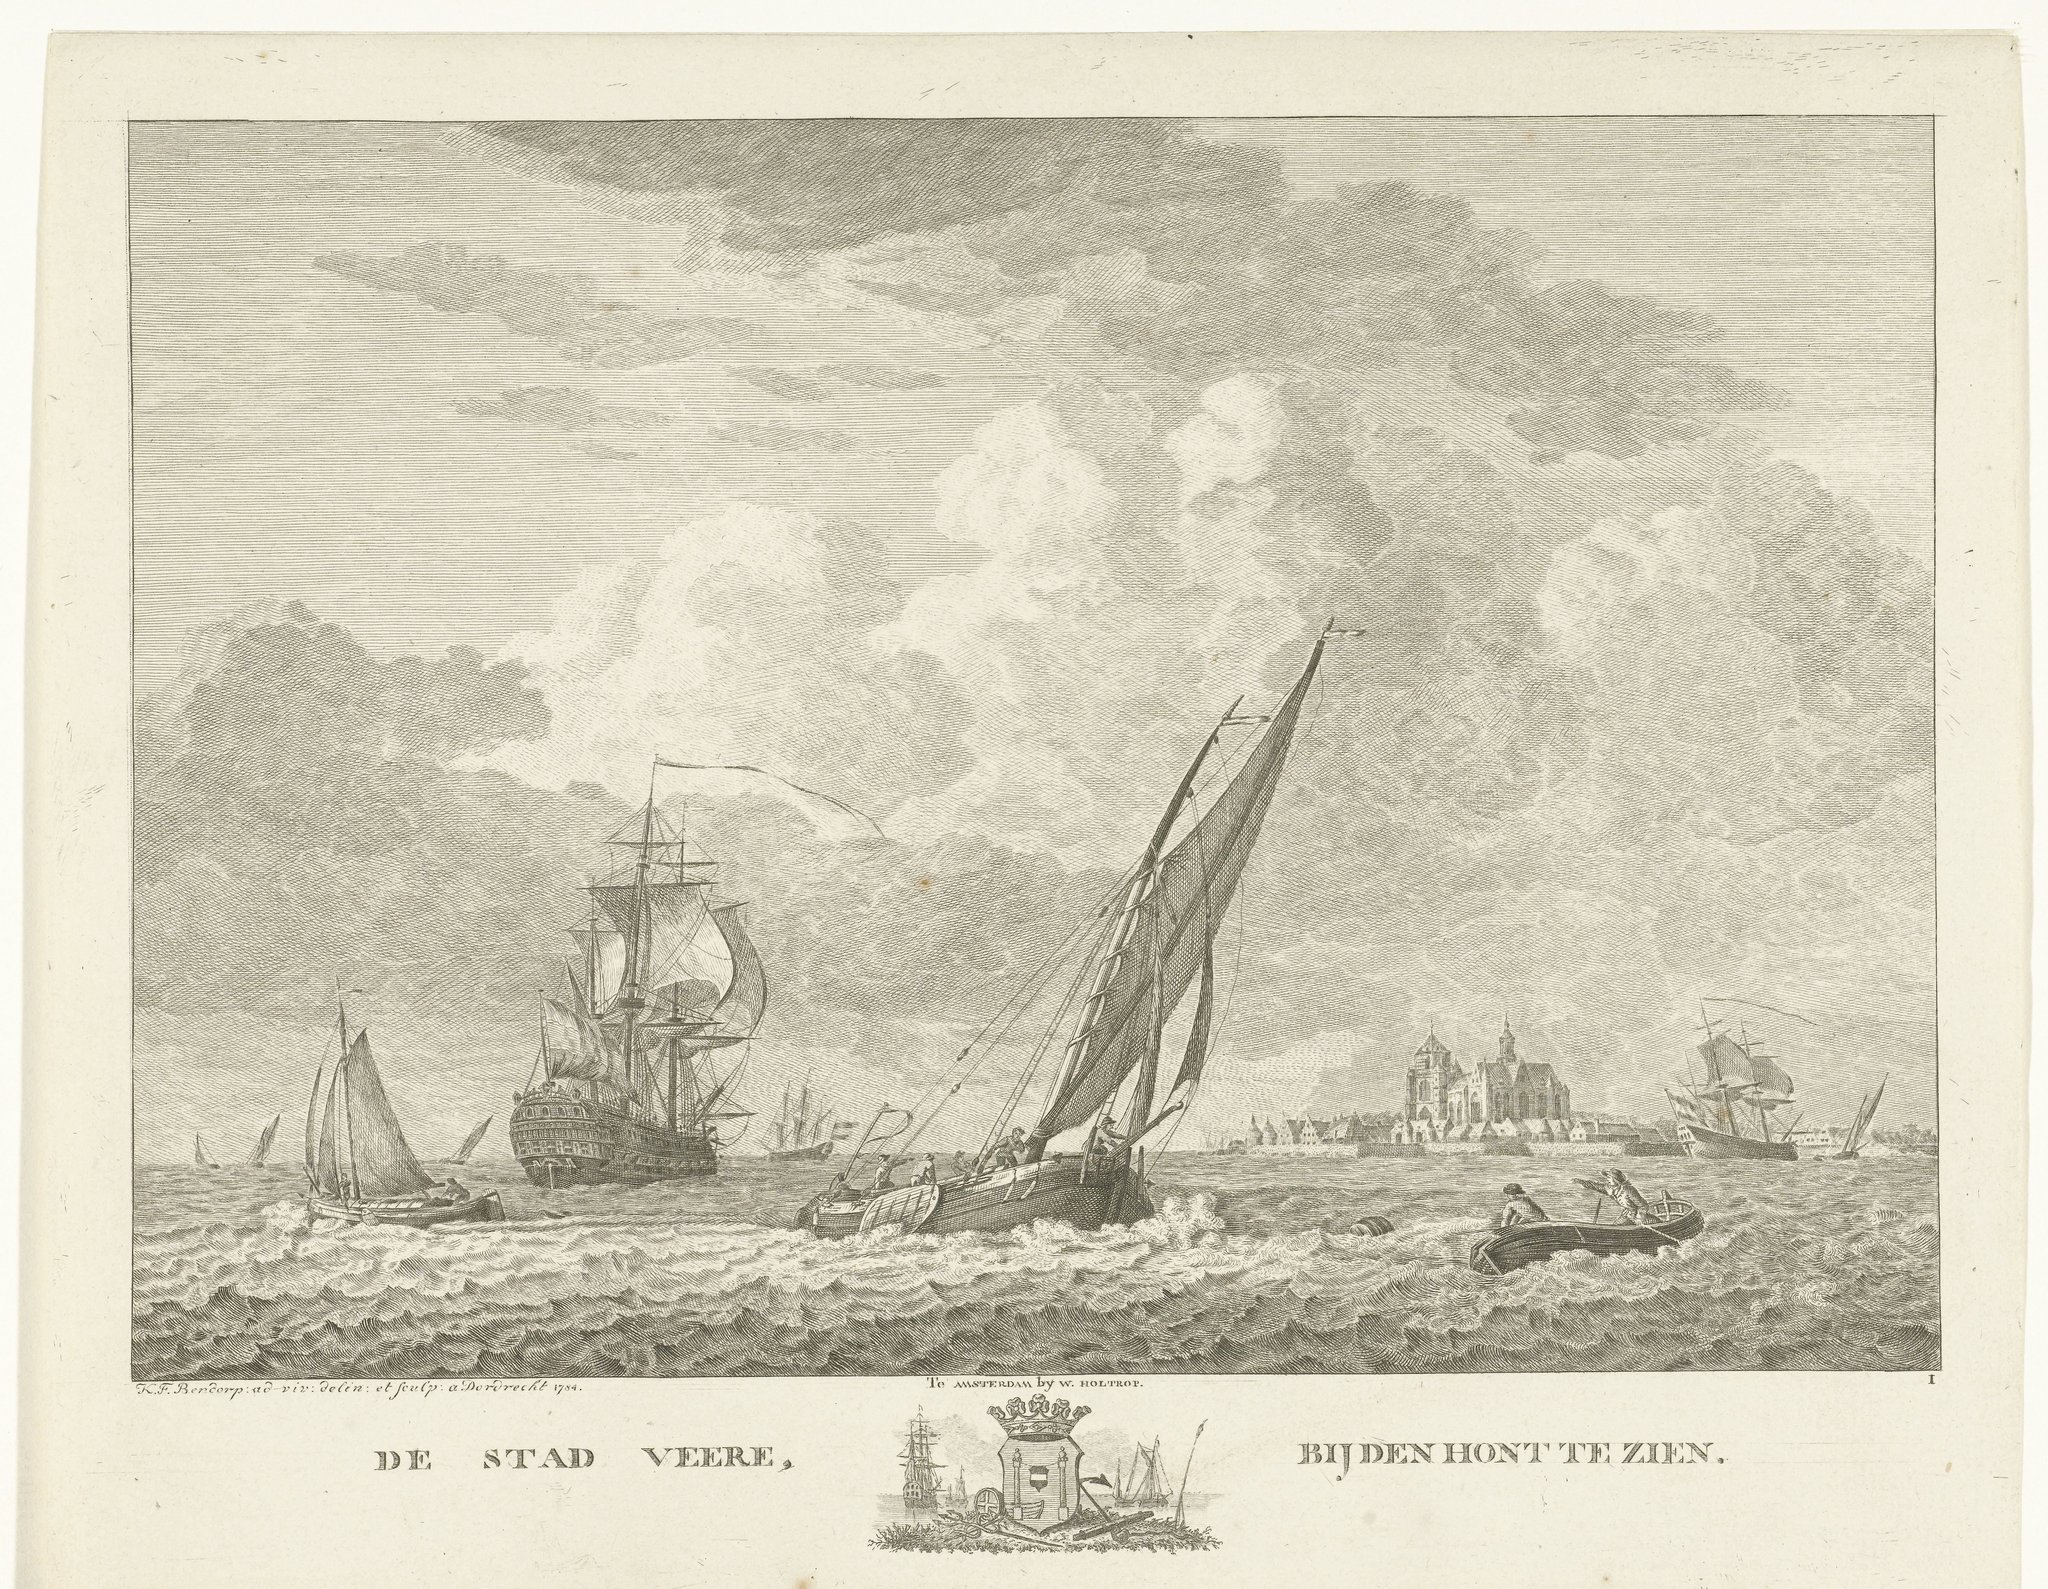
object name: print
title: De stad Veere, bij den Hont te zien
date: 1784
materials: paper
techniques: engraving, etching
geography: dordrecht
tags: sailing-ship, sailing-boat, church (exterior), rowing-boat, canoe, etc., prospect of city, town panorama, silhouette of city
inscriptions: collector's mark: Lugt 2228
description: Gezicht op Veere, gezien vanaf de Westerschelde (vroeger ook wel de Hont genoemd). Onder in het midden het wapen van de stad. Rechts, onder de voorstelling genummerd: I.
####################
INSTRUCTIONS TO FOLLOW
A word-for-word copy of the listing is needed, with no pictures in it.

SOLUTION
object name: print
title: De stad Veere, bij den Hont te zien
date: 1784
materials: paper
techniques: engraving, etching
geography: dordrecht
tags: sailing-ship, sailing-boat, church (exterior), rowing-boat, canoe, etc., prospect of city, town panorama, silhouette of city
inscriptions: collector's mark: Lugt 2228
description: Gezicht op Veere, gezien vanaf de Westerschelde (vroeger ook wel de Hont genoemd). Onder in het midden het wapen van de stad. Rechts, onder de voorstelling genummerd: I.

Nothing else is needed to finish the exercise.